(Available data)
++++++++++++++++++++

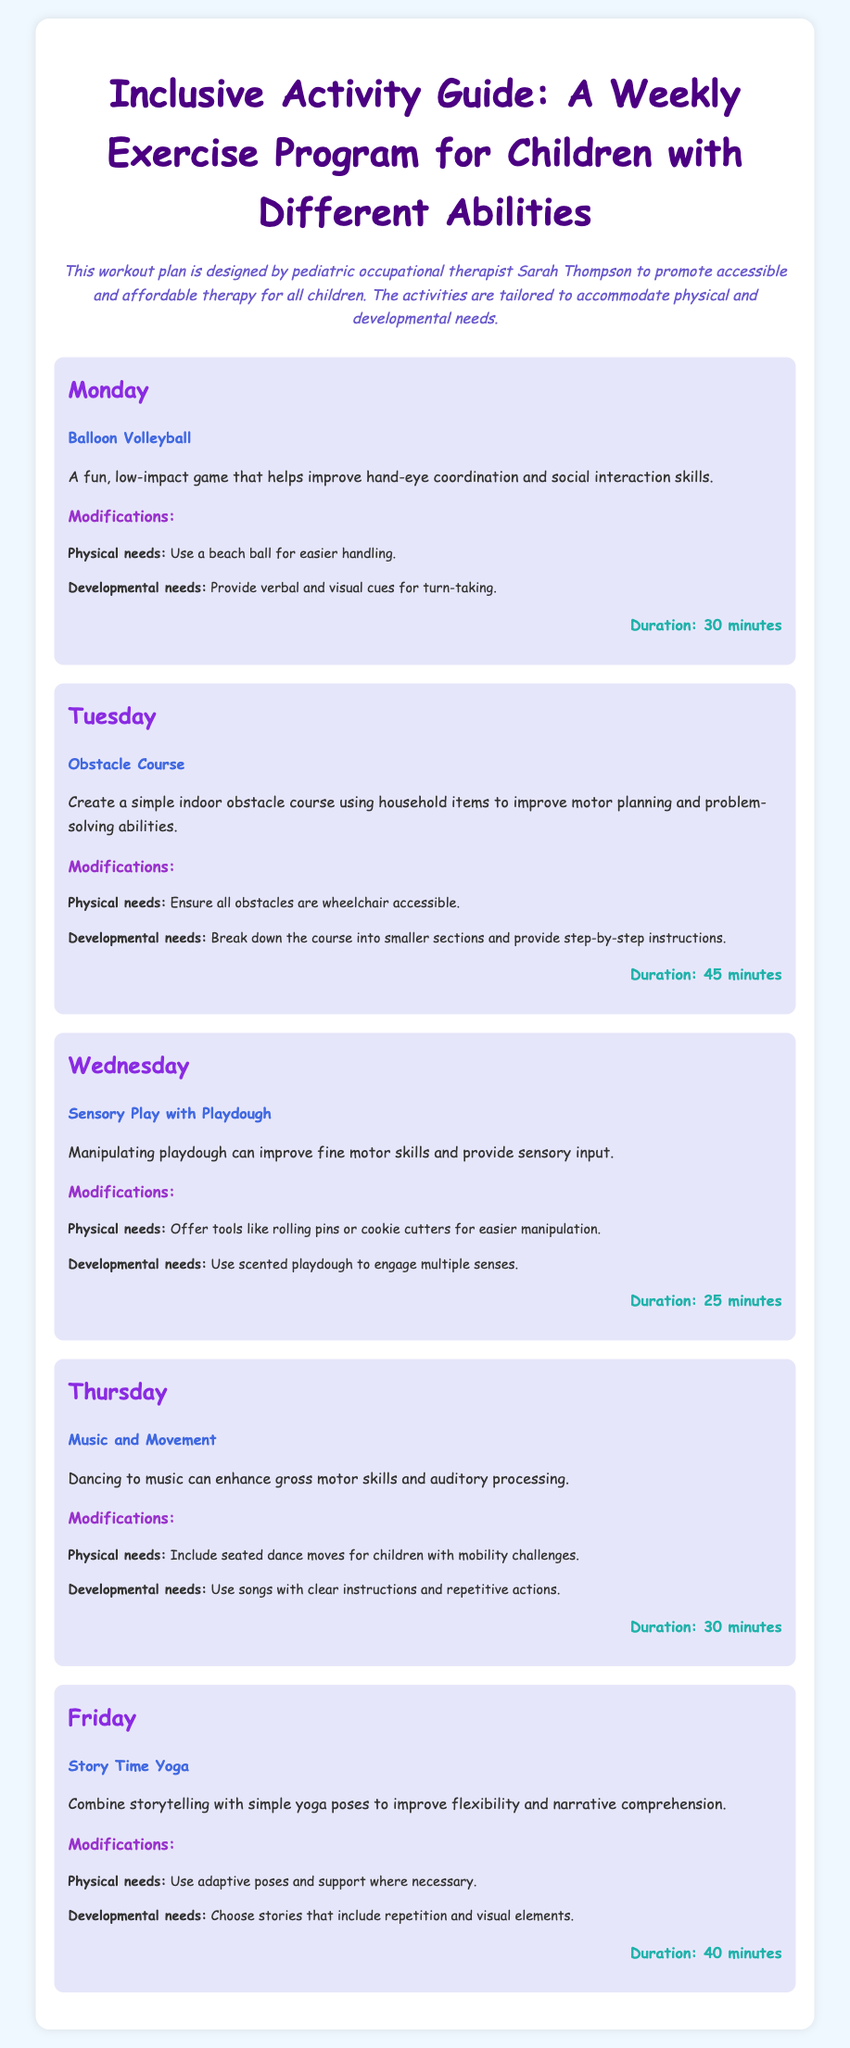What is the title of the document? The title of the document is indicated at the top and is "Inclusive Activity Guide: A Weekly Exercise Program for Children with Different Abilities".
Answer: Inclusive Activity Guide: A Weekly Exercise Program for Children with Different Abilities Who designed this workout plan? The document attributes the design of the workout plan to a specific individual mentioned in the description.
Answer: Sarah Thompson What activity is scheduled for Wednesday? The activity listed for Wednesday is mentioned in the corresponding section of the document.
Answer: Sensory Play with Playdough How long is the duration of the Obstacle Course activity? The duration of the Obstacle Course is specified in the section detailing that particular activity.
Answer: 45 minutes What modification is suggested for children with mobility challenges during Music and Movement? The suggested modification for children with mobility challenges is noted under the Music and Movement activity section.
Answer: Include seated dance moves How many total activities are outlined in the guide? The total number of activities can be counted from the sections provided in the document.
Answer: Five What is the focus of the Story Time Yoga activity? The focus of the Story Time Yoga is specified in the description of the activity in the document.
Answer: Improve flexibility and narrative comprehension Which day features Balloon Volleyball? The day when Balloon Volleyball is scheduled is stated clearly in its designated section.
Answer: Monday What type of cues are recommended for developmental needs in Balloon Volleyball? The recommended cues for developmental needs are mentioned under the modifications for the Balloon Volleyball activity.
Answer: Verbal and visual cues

++++++++++++++++++++

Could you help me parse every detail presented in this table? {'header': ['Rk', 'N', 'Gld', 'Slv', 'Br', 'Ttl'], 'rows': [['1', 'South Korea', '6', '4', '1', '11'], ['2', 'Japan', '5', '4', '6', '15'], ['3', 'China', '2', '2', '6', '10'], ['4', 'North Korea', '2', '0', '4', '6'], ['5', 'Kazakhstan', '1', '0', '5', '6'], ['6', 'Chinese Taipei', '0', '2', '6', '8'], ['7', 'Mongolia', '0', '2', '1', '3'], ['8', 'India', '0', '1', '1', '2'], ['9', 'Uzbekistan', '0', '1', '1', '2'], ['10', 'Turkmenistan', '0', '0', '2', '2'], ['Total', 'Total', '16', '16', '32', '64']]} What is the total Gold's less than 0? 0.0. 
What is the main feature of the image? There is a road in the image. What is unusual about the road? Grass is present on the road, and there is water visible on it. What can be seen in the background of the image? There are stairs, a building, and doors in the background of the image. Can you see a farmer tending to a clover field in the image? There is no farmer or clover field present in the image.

++++++++++++++++++++

(Problem statement) Each line above that falls between the line with "What is the title" and the line with "Answer: 45 minutes" should be printed exactly, together with those two lines, but the pictures should not.

(Solution to the exercise)
What is the title of the document? The title of the document is indicated at the top and is "Inclusive Activity Guide: A Weekly Exercise Program for Children with Different Abilities".
Answer: Inclusive Activity Guide: A Weekly Exercise Program for Children with Different Abilities Who designed this workout plan? The document attributes the design of the workout plan to a specific individual mentioned in the description.
Answer: Sarah Thompson What activity is scheduled for Wednesday? The activity listed for Wednesday is mentioned in the corresponding section of the document.
Answer: Sensory Play with Playdough How long is the duration of the Obstacle Course activity? The duration of the Obstacle Course is specified in the section detailing that particular activity.
Answer: 45 minutes What modification is suggested for children with mobility challenges during Music and Movement? The suggested modification for children with mobility challenges is noted under the Music and Movement activity section.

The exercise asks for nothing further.